В полдень семь выбранных мужиков, приглашенных приказчиком, пришли в яблочный сад под яблони, где у приказчика был устроен на столбиках, вбитых в землю, столик и лавочки. Довольно долго крестьян уговаривали надеть шапки и сесть на лавки. Особенно упорно держал перед собой, по правилу, как держат «на погребенье», свою разорванную шапку бывший солдат, обутый нынче в чистые онучи и лапти. Когда же один из них, почтенного вида широкий старец, с завитками полуседой бороды, как у Моисея Микеланджело, и седыми густыми вьющимися волосами вокруг загорелого и оголившегося коричневого лба, надел свою большую шапку и, запахивая новый домодельный кафтан, пролез на лавку и сел, остальные последовали его примеру.

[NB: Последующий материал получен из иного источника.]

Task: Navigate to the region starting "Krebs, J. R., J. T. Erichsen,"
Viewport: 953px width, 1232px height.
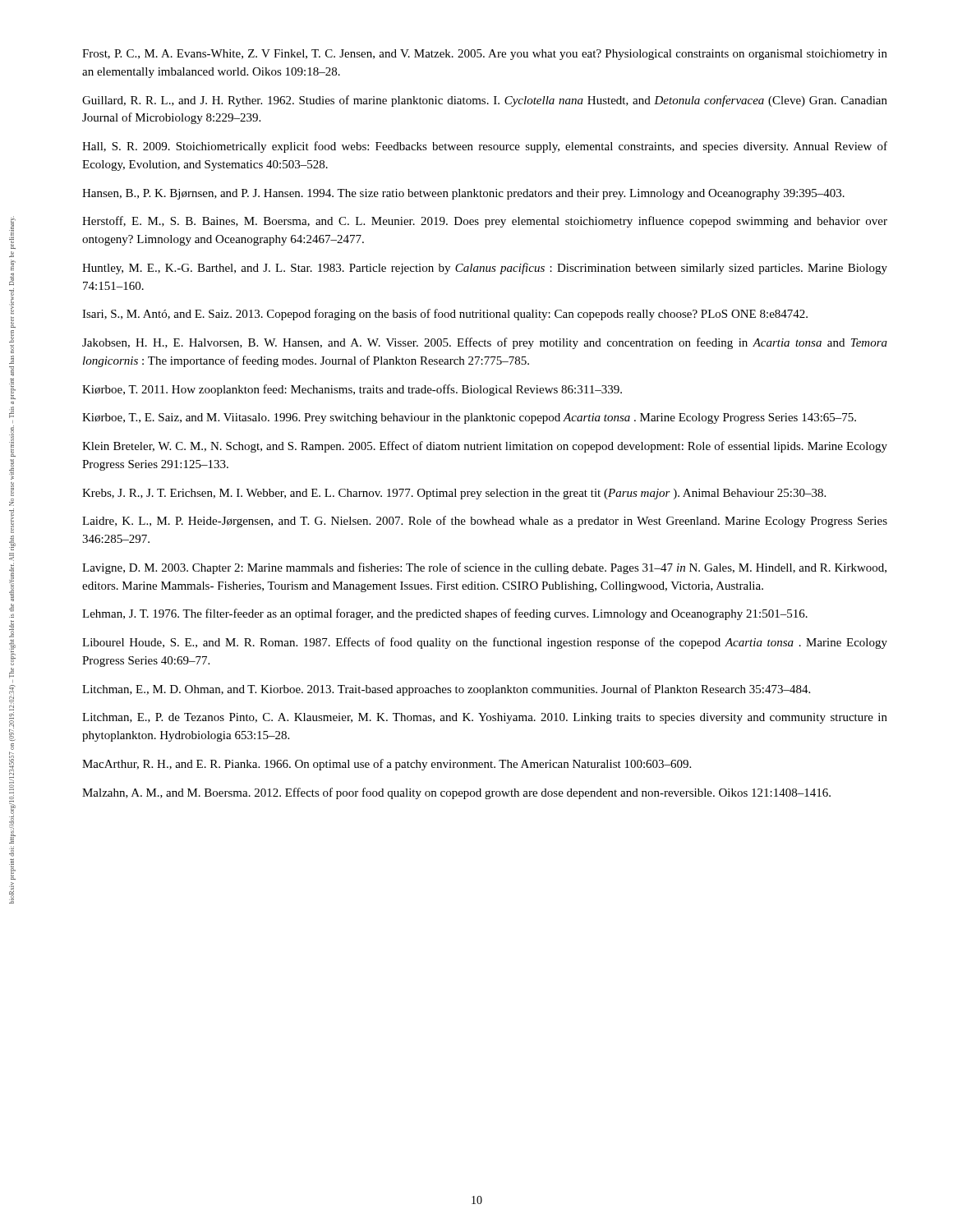Action: [454, 492]

Когда все разместились, Нехлюдов сел против них и, облокотившись на стол над бумагой, в которой у него был написан конспект проекта, начал излагать его.
Потому ли, что крестьян было меньше, или потому, что он был занят не собой, а делом, Нехлюдов в этот раз не чувствовал никакого смущения. Невольно он обращался преимущественно к широкому старцу с белыми завитками бороды, ожидая от него одобрения или возражения. Но представление, составленное о нем Нехлюдовым, было ошибочное. Благообразный старец, хотя и кивал одобрительно своей красивой патриархальной головой или встряхивал ею, хмурясь, когда другие возражали, очевидно, с большим трудом понимал то, что говорил Нехлюдов, и то только тогда, когда это же пересказывали на своем языке другие крестьяне. Гораздо более понимал слова Нехлюдова сидевший рядом с патриархальным старцем маленький, кривой на один глаз, одетый в платанную нанковую поддевку и старые, сбитые на сторону сапоги, почти безбородый старичок – печник, как узнал потом Нехлюдов. Человек этот быстро водил бровями, делая усилия внимания, и тотчас же пересказывал по-своему то, что говорил Нехлюдов. Так же быстро понимал и невысокий коренастый старик с белой бородой и блестящими умными глазами, который пользовался всяким случаем, чтобы вставлять шутливые, иронические замечания на слова Нехлюдова, и, очевидно, щеголял этим. Бывший солдат тоже, казалось, мог бы понимать дело, если бы не был одурен солдатством и не путался в привычках бессмысленной солдатской речи. Серьезнее всех относился к делу говоривший густым басом длинноносый с маленькой бородкой высокий человек, одетый в чистое домодельное платье и в новые лапти. Человек этот все понимал и говорил только тогда, когда это нужно было. Остальные два старика, один – тот самый беззубый, который вчера на сходке кричал решительный отказ на все предложения Нехлюдова, и другой – высокий, белый, хромой старик с добродушным лицом, в бахилках и туго умотанных белыми онучами худых ногах, оба почти все время молчали, хотя и внимательно слушали.